Word for word, give again the lines of the material below, from the one holding "6. handbag from (481, 142) to (667, 284)" to the last, with nothing added.

== Given records ==

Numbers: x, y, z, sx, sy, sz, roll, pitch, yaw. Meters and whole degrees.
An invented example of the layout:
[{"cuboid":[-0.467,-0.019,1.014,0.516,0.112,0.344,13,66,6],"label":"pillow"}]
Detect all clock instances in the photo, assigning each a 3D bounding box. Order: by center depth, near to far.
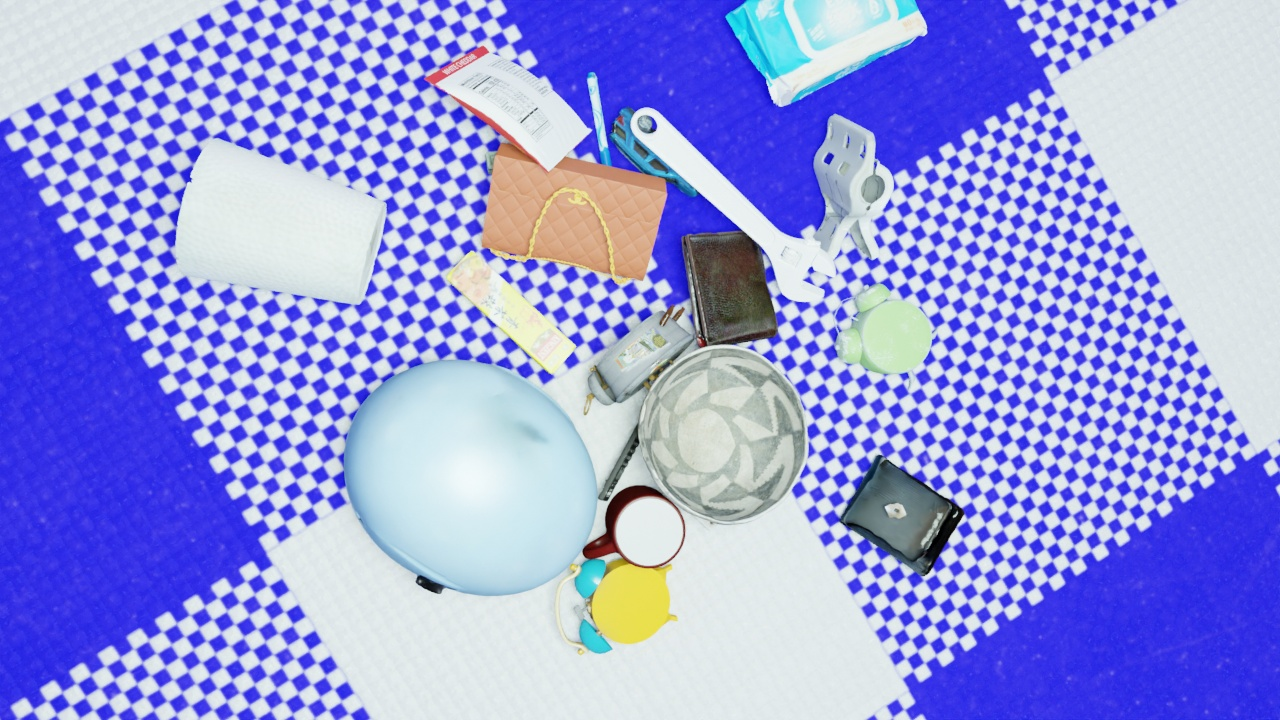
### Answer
[{"cuboid":[-0.005,0.006,0.938,0.148,0.104,0.056,-41,84,9],"label":"clock"},{"cuboid":[-0.026,0.253,0.958,0.129,0.044,0.099,-6,94,-16],"label":"clock"},{"cuboid":[0.265,-0.029,0.998,0.119,0.042,0.094,25,85,-6],"label":"clock"}]

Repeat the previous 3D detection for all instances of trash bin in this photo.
[{"cuboid":[-0.338,-0.124,0.883,0.161,0.133,0.133,15,87,-12],"label":"trash bin"}]

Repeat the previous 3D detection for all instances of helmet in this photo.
[{"cuboid":[-0.153,0.119,0.885,0.265,0.167,0.225,36,75,-15],"label":"helmet"}]

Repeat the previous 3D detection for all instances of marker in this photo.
[{"cuboid":[-0.041,-0.236,0.975,0.013,0.013,0.142,-10,91,-7],"label":"marker"}]

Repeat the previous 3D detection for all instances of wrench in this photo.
[{"cuboid":[0.096,-0.158,0.937,0.273,0.018,0.066,40,125,-14],"label":"wrench"}]

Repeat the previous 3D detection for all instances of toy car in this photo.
[{"cuboid":[0.018,-0.214,0.965,0.120,0.056,0.043,39,91,-3],"label":"toy car"}]

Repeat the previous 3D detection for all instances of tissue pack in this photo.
[{"cuboid":[0.208,-0.365,0.984,0.209,0.066,0.117,-27,93,-9],"label":"tissue pack"}]

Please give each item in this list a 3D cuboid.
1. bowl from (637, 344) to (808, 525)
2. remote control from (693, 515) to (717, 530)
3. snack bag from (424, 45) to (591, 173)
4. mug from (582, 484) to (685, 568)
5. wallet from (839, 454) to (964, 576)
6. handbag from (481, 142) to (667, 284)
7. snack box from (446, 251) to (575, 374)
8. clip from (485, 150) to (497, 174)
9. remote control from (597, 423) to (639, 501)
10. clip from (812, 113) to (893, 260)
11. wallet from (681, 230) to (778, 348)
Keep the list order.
[{"cuboid":[0.077,0.077,0.941,0.178,0.081,0.178,2,82,-15],"label":"bowl"},{"cuboid":[0.102,0.117,0.991,0.050,0.011,0.135,43,85,-5],"label":"remote control"},{"cuboid":[-0.126,-0.257,0.918,0.144,0.130,0.039,37,126,-6],"label":"snack bag"},{"cuboid":[-0.011,0.176,0.940,0.105,0.082,0.073,-26,93,-7],"label":"mug"},{"cuboid":[0.285,0.169,1.006,0.115,0.026,0.089,34,85,-6],"label":"wallet"},{"cuboid":[-0.069,-0.144,0.936,0.172,0.060,0.109,11,120,-7],"label":"handbag"},{"cuboid":[-0.134,-0.049,0.953,0.148,0.029,0.040,43,85,-5],"label":"snack box"},{"cuboid":[-0.124,-0.210,0.957,0.076,0.045,0.023,-9,92,-9],"label":"clip"},{"cuboid":[-0.007,0.085,0.968,0.009,0.030,0.140,27,86,13],"label":"remote control"},{"cuboid":[0.220,-0.177,0.961,0.075,0.124,0.144,-5,115,-4],"label":"clip"},{"cuboid":[0.092,-0.076,0.966,0.099,0.031,0.120,-9,88,-35],"label":"wallet"}]

===

Response for this exercise
6. handbag from (481, 142) to (667, 284)
7. snack box from (446, 251) to (575, 374)
8. clip from (485, 150) to (497, 174)
9. remote control from (597, 423) to (639, 501)
10. clip from (812, 113) to (893, 260)
11. wallet from (681, 230) to (778, 348)
Keep the list order.
[{"cuboid":[0.077,0.077,0.941,0.178,0.081,0.178,2,82,-15],"label":"bowl"},{"cuboid":[0.102,0.117,0.991,0.050,0.011,0.135,43,85,-5],"label":"remote control"},{"cuboid":[-0.126,-0.257,0.918,0.144,0.130,0.039,37,126,-6],"label":"snack bag"},{"cuboid":[-0.011,0.176,0.940,0.105,0.082,0.073,-26,93,-7],"label":"mug"},{"cuboid":[0.285,0.169,1.006,0.115,0.026,0.089,34,85,-6],"label":"wallet"},{"cuboid":[-0.069,-0.144,0.936,0.172,0.060,0.109,11,120,-7],"label":"handbag"},{"cuboid":[-0.134,-0.049,0.953,0.148,0.029,0.040,43,85,-5],"label":"snack box"},{"cuboid":[-0.124,-0.210,0.957,0.076,0.045,0.023,-9,92,-9],"label":"clip"},{"cuboid":[-0.007,0.085,0.968,0.009,0.030,0.140,27,86,13],"label":"remote control"},{"cuboid":[0.220,-0.177,0.961,0.075,0.124,0.144,-5,115,-4],"label":"clip"},{"cuboid":[0.092,-0.076,0.966,0.099,0.031,0.120,-9,88,-35],"label":"wallet"}]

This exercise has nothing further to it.